TASK STATEMENT: Each line starting at the one that contains "1) car [65,195,76,203]" and ending at the one that contains "7) car [0,197,22,209]" must be returned exactly, and the rest of the listing is left out.

DATASET EXCERPTS:
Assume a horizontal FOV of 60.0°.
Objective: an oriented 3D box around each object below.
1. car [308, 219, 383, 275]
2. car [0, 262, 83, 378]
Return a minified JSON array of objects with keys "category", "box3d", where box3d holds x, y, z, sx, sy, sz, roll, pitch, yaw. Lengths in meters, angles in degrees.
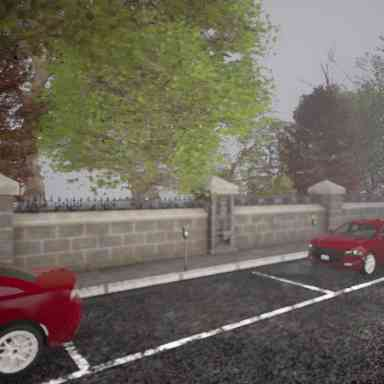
[{"category":"car","box3d":[5.510,1.562,10.486,4.507,1.381,1.887,0,0,-35]},{"category":"car","box3d":[-3.662,1.544,3.947,4.507,1.381,1.887,0,0,-35]}]
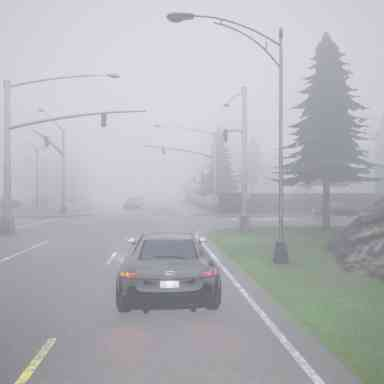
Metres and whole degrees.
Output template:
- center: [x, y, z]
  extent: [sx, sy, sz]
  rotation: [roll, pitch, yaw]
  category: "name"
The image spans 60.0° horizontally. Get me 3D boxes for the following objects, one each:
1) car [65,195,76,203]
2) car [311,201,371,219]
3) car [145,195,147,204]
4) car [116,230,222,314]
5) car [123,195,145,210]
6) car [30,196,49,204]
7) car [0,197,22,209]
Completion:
- center: [-23.631, 1.374, 64.362]
  extent: [1.845, 1.501, 3.633]
  rotation: [0, 0, -5]
  category: "car"
- center: [12.682, 1.491, 28.391]
  extent: [4.902, 1.511, 2.128]
  rotation: [0, 0, -7]
  category: "car"
- center: [-8.601, 1.564, 52.974]
  extent: [1.994, 1.385, 4.181]
  rotation: [0, 0, -5]
  category: "car"
- center: [-0.567, 1.564, 7.743]
  extent: [1.994, 1.385, 4.181]
  rotation: [0, 0, -5]
  category: "car"
- center: [-7.660, 1.352, 43.125]
  extent: [2.097, 1.767, 4.553]
  rotation: [0, 0, -5]
  category: "car"
- center: [-25.960, 1.384, 56.712]
  extent: [1.970, 1.475, 3.806]
  rotation: [0, 0, -5]
  category: "car"
- center: [-21.376, 1.339, 38.426]
  extent: [2.007, 1.523, 4.514]
  rotation: [0, 0, -5]
  category: "car"
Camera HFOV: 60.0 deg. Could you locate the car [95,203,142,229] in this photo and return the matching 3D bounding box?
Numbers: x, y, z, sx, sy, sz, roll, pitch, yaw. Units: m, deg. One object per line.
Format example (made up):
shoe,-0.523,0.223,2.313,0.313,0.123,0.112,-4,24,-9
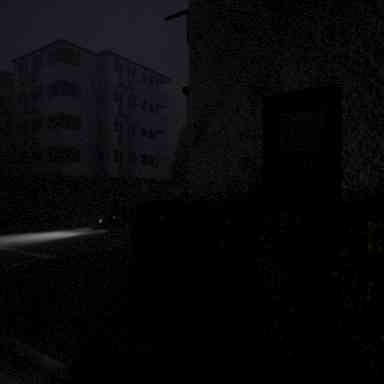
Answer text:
car,-4.095,1.491,22.016,2.128,1.511,4.902,0,0,35
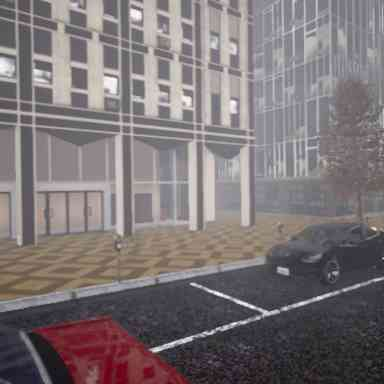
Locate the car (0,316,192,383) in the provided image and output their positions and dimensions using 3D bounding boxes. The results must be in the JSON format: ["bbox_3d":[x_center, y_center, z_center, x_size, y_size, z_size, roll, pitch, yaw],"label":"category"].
[{"bbox_3d":[-2.297,1.602,1.741,4.718,1.301,1.895,0,0,-36],"label":"car"}]

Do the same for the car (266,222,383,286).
[{"bbox_3d":[3.997,1.553,9.385,4.313,1.339,1.947,0,-1,-35],"label":"car"}]

TASK ANSWER:
1) car [65,195,76,203]
2) car [311,201,371,219]
3) car [145,195,147,204]
4) car [116,230,222,314]
5) car [123,195,145,210]
6) car [30,196,49,204]
7) car [0,197,22,209]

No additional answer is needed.